Part of their concern is that medical devices are not typically managed by hospital IT (overseen in most cases by the CIO) but by clinical / biomedical engineering staff who power on and attach devices to hospital networks but have little understanding of the cybersecurity risks that are created by connecting an unprotected medical device to the hospital business clinical network. Connected medical devices can by-and-large be compromised easily, used as a foothold on hospital networks, or re-programed to execute patients or hold them to ransom.

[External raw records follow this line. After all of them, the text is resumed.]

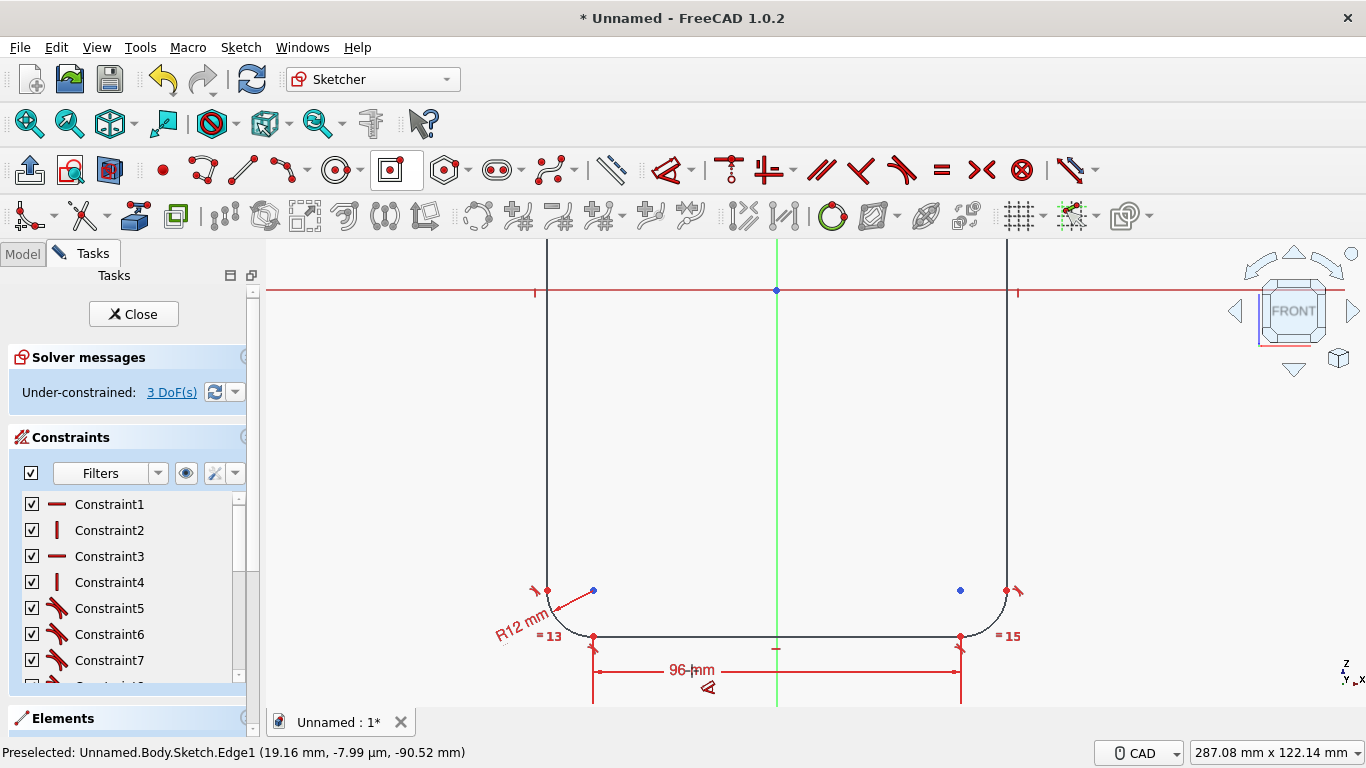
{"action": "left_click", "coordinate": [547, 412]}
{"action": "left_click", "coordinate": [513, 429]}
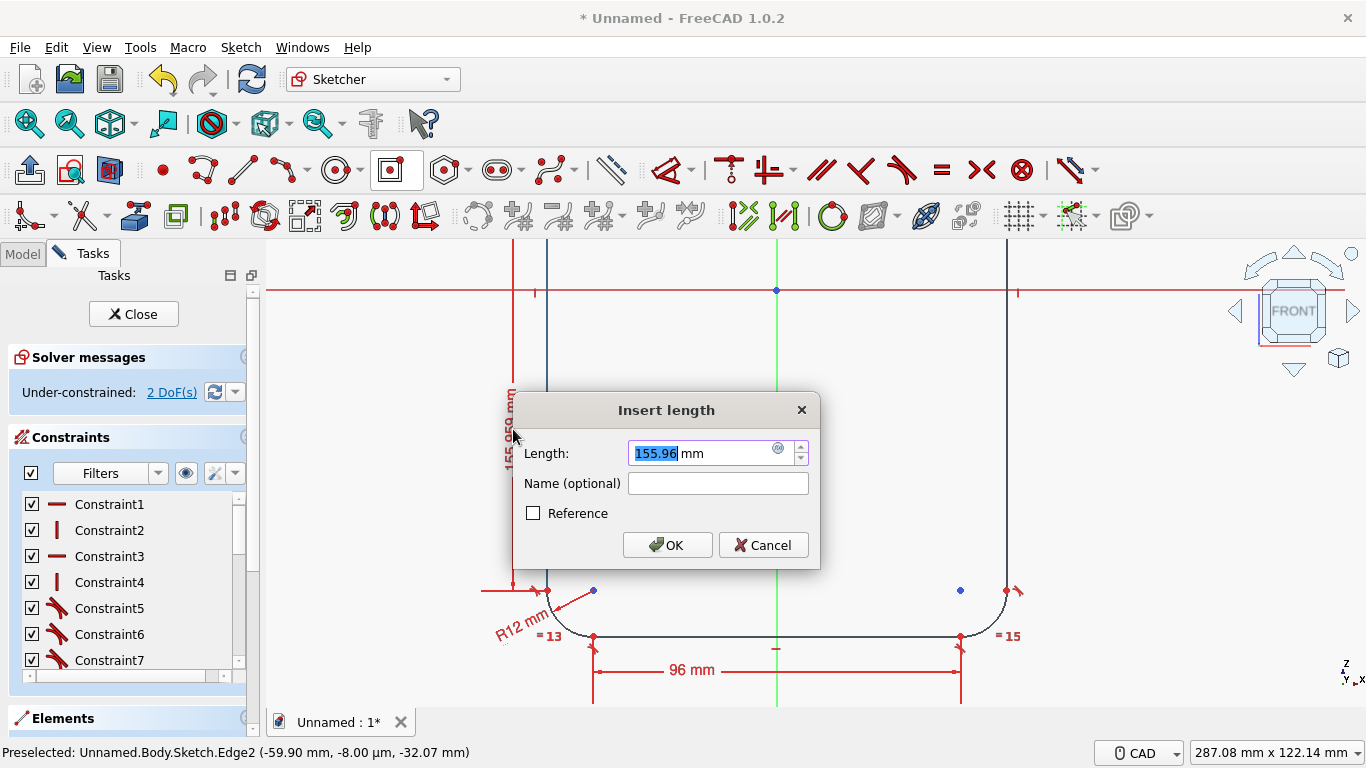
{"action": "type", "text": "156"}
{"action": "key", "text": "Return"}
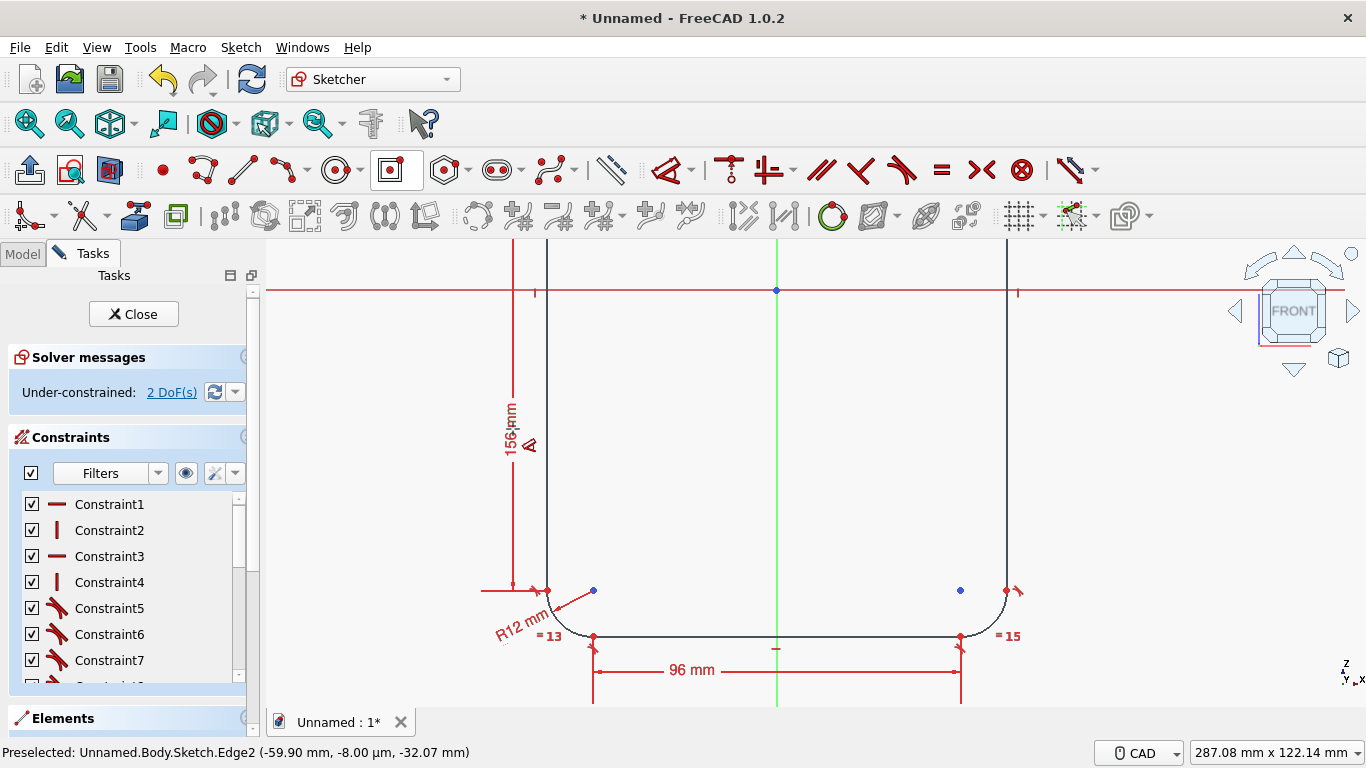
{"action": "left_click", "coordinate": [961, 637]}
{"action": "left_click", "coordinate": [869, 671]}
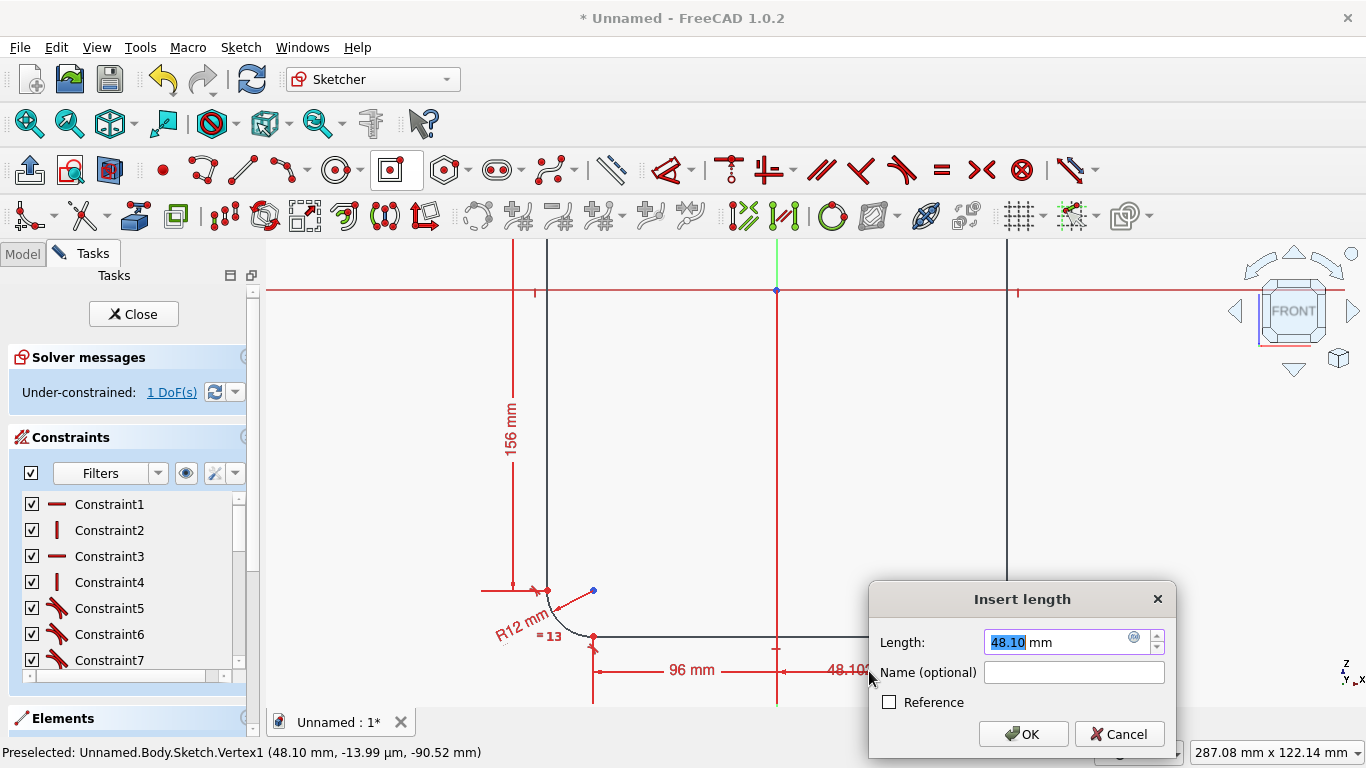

This is not fiction! It has been demonstrated numerous times at security conferences most recently by McAfee at BlackHat and Defcon in Las Vegas last month. New Zealand ethical hacker Barnaby Jack started the trend of exposing medical devices vulnerabilities, when in 2011 at the MacAfee Focus Conference he demonstrated a hack of a wireless insulin pump causing the pump to deliver its entire reservoir of insulin into a mock patient. In 2012 he followed this performance up with a hack of a Pacemaker causing the device to administer an 815volt shock directly to the heart of the mock patient. Both demonstrations would have been fatal to a real patient and that might explain why in 2007 Vice President Dick Cheney had the wireless interface disabled to his own pacemaker at the insistence of Doctors and the US Secret Service. Jack demonstrated the ease at which a patient could be harmed or executed once their Implantable Medical Device or IMD had been hacked. Others followed at subsequent security conferences with hacks of network-attached infusion pumps, reprogramming the device to give a continuous maximum dose of Morphine till the reservoir was empty and the patient likely dead.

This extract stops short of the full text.